When you answer, copy every line of the listing below exactly.

→ **Task data**:
§ §

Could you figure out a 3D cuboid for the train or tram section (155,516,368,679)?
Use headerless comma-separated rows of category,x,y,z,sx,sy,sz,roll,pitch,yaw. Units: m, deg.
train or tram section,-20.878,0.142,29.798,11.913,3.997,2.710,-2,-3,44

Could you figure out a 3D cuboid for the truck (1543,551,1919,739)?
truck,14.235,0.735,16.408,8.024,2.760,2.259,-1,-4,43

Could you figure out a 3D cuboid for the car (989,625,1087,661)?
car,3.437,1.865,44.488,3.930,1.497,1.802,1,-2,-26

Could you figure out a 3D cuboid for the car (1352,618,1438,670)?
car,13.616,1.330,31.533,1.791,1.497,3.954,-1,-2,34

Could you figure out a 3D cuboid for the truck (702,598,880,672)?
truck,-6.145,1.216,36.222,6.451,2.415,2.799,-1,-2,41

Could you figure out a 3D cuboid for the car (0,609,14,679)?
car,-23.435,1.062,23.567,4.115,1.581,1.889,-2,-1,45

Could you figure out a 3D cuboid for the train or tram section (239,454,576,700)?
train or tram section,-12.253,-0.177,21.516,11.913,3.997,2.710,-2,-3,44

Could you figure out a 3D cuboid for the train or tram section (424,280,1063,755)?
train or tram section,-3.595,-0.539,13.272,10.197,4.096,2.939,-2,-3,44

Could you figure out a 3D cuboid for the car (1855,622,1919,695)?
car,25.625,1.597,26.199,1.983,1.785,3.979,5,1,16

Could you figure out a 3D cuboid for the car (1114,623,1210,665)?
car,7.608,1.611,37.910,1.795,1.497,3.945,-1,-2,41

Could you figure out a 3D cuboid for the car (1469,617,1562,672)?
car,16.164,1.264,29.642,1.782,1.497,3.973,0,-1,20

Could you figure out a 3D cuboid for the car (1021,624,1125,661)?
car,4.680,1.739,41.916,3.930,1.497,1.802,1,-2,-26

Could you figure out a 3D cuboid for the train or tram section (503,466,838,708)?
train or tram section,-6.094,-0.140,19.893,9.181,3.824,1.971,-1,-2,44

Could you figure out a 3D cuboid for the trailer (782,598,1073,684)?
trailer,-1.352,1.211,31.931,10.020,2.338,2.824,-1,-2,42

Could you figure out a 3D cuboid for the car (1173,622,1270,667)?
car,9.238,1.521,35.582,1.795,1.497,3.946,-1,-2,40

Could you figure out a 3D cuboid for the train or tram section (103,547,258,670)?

§ §

→ **Solution for this problem**:
Could you figure out a 3D cuboid for the train or tram section (155,516,368,679)?
Use headerless comma-separated rows of category,x,y,z,sx,sy,sz,roll,pitch,yaw. Units: m, deg.
train or tram section,-20.878,0.142,29.798,11.913,3.997,2.710,-2,-3,44

Could you figure out a 3D cuboid for the truck (1543,551,1919,739)?
truck,14.235,0.735,16.408,8.024,2.760,2.259,-1,-4,43

Could you figure out a 3D cuboid for the car (989,625,1087,661)?
car,3.437,1.865,44.488,3.930,1.497,1.802,1,-2,-26

Could you figure out a 3D cuboid for the car (1352,618,1438,670)?
car,13.616,1.330,31.533,1.791,1.497,3.954,-1,-2,34

Could you figure out a 3D cuboid for the truck (702,598,880,672)?
truck,-6.145,1.216,36.222,6.451,2.415,2.799,-1,-2,41

Could you figure out a 3D cuboid for the car (0,609,14,679)?
car,-23.435,1.062,23.567,4.115,1.581,1.889,-2,-1,45

Could you figure out a 3D cuboid for the train or tram section (239,454,576,700)?
train or tram section,-12.253,-0.177,21.516,11.913,3.997,2.710,-2,-3,44

Could you figure out a 3D cuboid for the train or tram section (424,280,1063,755)?
train or tram section,-3.595,-0.539,13.272,10.197,4.096,2.939,-2,-3,44

Could you figure out a 3D cuboid for the car (1855,622,1919,695)?
car,25.625,1.597,26.199,1.983,1.785,3.979,5,1,16

Could you figure out a 3D cuboid for the car (1114,623,1210,665)?
car,7.608,1.611,37.910,1.795,1.497,3.945,-1,-2,41

Could you figure out a 3D cuboid for the car (1469,617,1562,672)?
car,16.164,1.264,29.642,1.782,1.497,3.973,0,-1,20

Could you figure out a 3D cuboid for the car (1021,624,1125,661)?
car,4.680,1.739,41.916,3.930,1.497,1.802,1,-2,-26

Could you figure out a 3D cuboid for the train or tram section (503,466,838,708)?
train or tram section,-6.094,-0.140,19.893,9.181,3.824,1.971,-1,-2,44

Could you figure out a 3D cuboid for the trailer (782,598,1073,684)?
trailer,-1.352,1.211,31.931,10.020,2.338,2.824,-1,-2,42

Could you figure out a 3D cuboid for the car (1173,622,1270,667)?
car,9.238,1.521,35.582,1.795,1.497,3.946,-1,-2,40

Could you figure out a 3D cuboid for the train or tram section (103,547,258,670)?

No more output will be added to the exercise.